The basic RePurpose function and its application to a deep neural network with weights and biases $\{\bm{W}^{(l)},\bm{b}^{(l)}\}$ are summarized in Algorithms 1 and 2, respectively. In Alg. 2, $n_{k}^{(l)}$ is the number of neurons in layer $l$ being assigned to worker $k$ , and $\mathcal{H}_{\bm{E}}(\cdot)$ is the (modified) element-wise hard-thresholding operator, defined as

\bm{Y}=\mathcal{H}_{\bm{E}}(\bm{X}):\quad Y_{ij}=\left\{\begin{array}[]{ll}0&\textup{if }|X_{ij}|^{2}\leq E_{ij}\\ X_{ij}&\textup{o.w.}\end{array}\right.

(8)

Input: $\{\bm{W}^{(l)}\}_{{}_{l}}$ , $\{\bm{b}^{(l)}\}_{{}_{l}}$ , $\{n_{k}^{(l)}\}_{{}_{k,l}}$ , $\eta_{1}$ , $\eta_{2}$ Output: $\{\bm{\Pi}^{(l)}\}_{l}$ , $\{\widehat{\bm{W}}^{(l)}\}_{l}$ , $\{\widehat{\bm{b}}^{(l)}\}_{l}$ $\bm{E}=\eta_{1}+\eta_{2}\bm{M}$ $\bm{\Pi}^{(0)}\leftarrow\bm{I}$ for layers $l=1,\ldots,L$ do $\bm{T}\leftarrow\bm{\Pi}^{(l-1)}\bm{W}^{(l)}$ $\bm{\Pi}^{(l)}\leftarrow\textsc{RePurpose}(\bm{T},\{n_{k}^{(l)}\}_{{}_{k}},\eta_{1},\eta_{2})$ $\widehat{\bm{W}}^{(l)}\leftarrow\mathcal{H}_{\bm{E}}\big{(}\bm{T}(\bm{\Pi}^{(l)})^{\mathsf{T}}\big{)}$ $\widehat{\bm{b}}^{(l)}\leftarrow\bm{\Pi}^{(l)}\bm{b}^{(l)}$ Algorithm 2 Applying RePurpose to Deep Neural Networks

Recall that when applying RePurpose to layers of a neural network, permuting neurons of layer $l$ with matrix $\bm{\Pi}$ changes the signal of that layer by $\widehat{\bm{y}}^{(l)}=\bm{\Pi y}^{(l)}$ and affects the weight matrix of that layer by $\bm{W}^{(l)}\bm{\Pi}^{\mathsf{T}}$ . As a result, $\widehat{\bm{x}}^{(l+1)}=\bm{\Pi x}^{(l+1)}$ and to have the same signal at the next layer, $\bm{y}^{(l+1)}$ , the weight matrix of layer $l+1$ should be modified as $\bm{\Pi W}^{(l+1)}$ . Line 2 of Alg. 2 accounts for these adjustments.

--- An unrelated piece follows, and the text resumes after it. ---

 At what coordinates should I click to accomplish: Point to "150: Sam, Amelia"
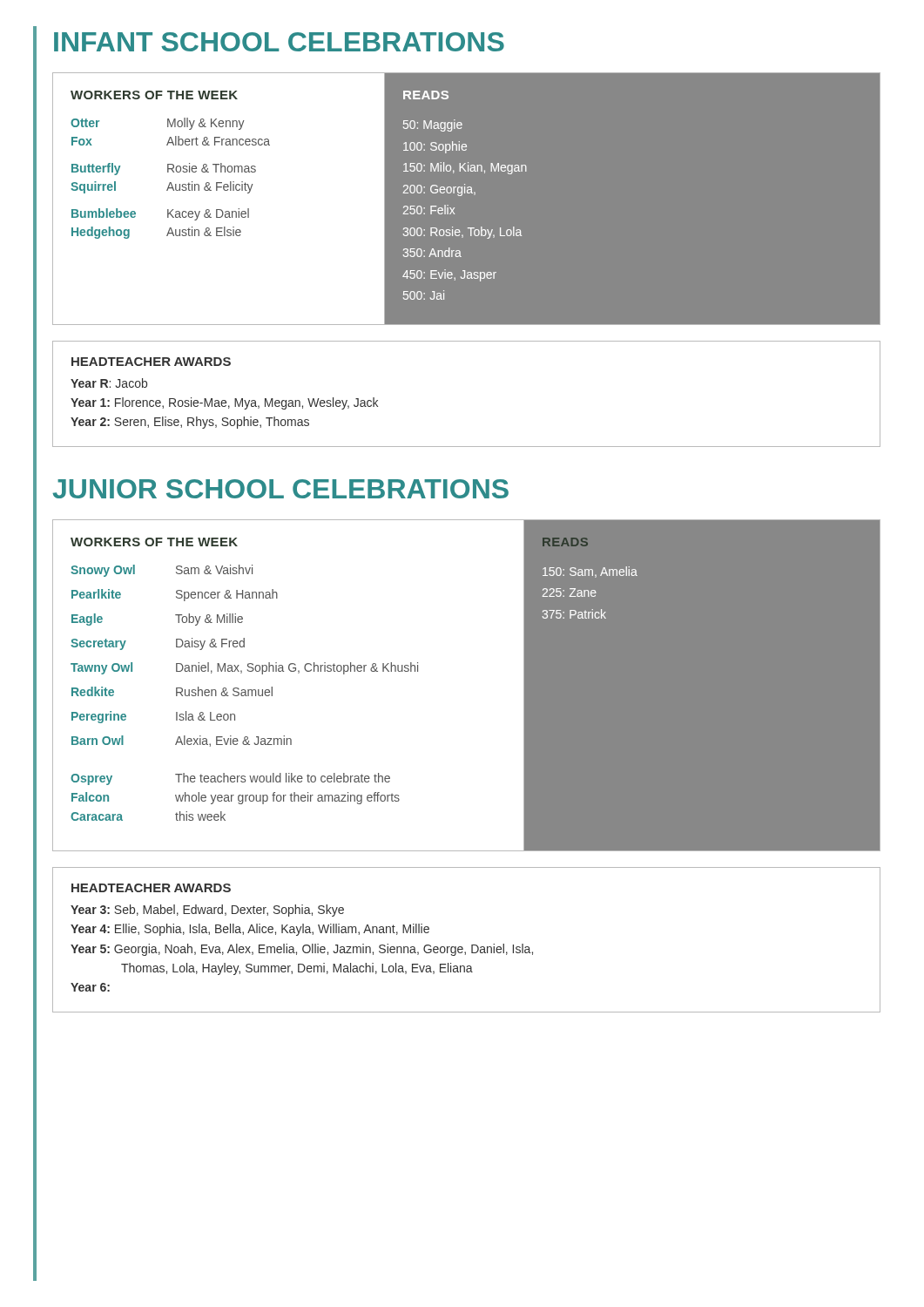[589, 571]
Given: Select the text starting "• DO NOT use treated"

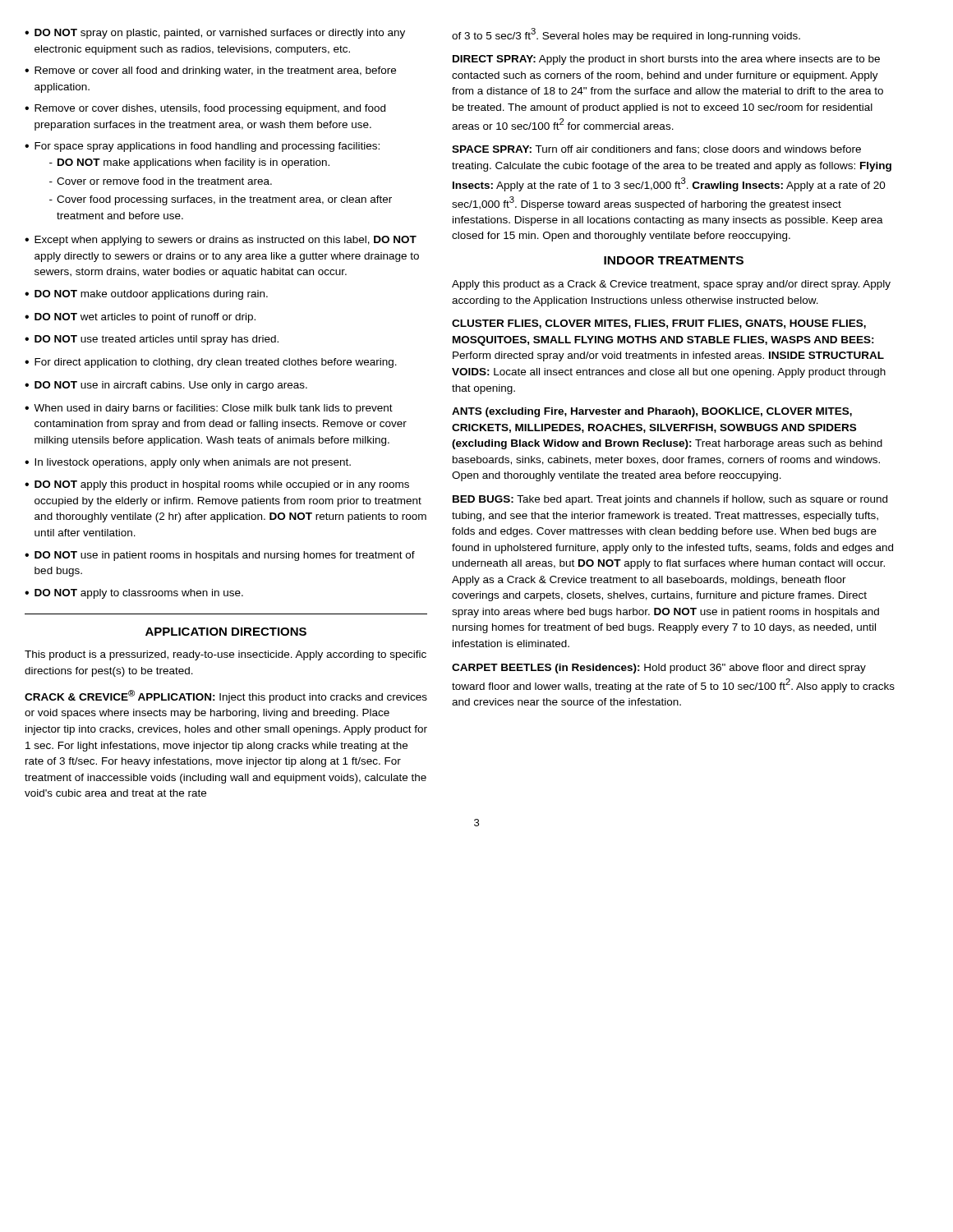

Appendix C Performance Guarantee of RePurpose

\bm{y}^{(l)}=(\bm{W}^{(l)})^{\mathsf{T}}\bm{x}^{(l)}+\bm{b}^{(l)},\quad\quad\bm{x}^{(l+1)}=\sigma(\bm{y}^{(l)}),

(9)

where $\sigma(\cdot)$ is the activation function.

To analyze the performance of the modified neural network, assume that the original neural network has the following properties:

A1.

The activation functions are $1$ -Lipschitz, i.e., for all $u,v$ , $|\sigma(u)-\sigma(v)|\leq|u-v|$ .
A2.

The Frobenius norms of the weights of the neural network are bounded, i.e., for some constant $\tau>0$ , $\|\bm{W}^{(l)}\|_{F}\leq\tau$ , for all layers $l=1,\ldots,L$ .
A3.

The signals in the neural networks are bounded, i.e., there exists a constant $B>0$ such that for input signal $\bm{x}^{(1)}=\bm{x}_{in}$ , and forward signals $\{\bm{x}^{(l)}\}_{l=2}^{L}$ (outputs of the hidden layers), $\|\bm{x}^{(l)}\|_{2}\leq B$ for $l=1,\ldots,L$ .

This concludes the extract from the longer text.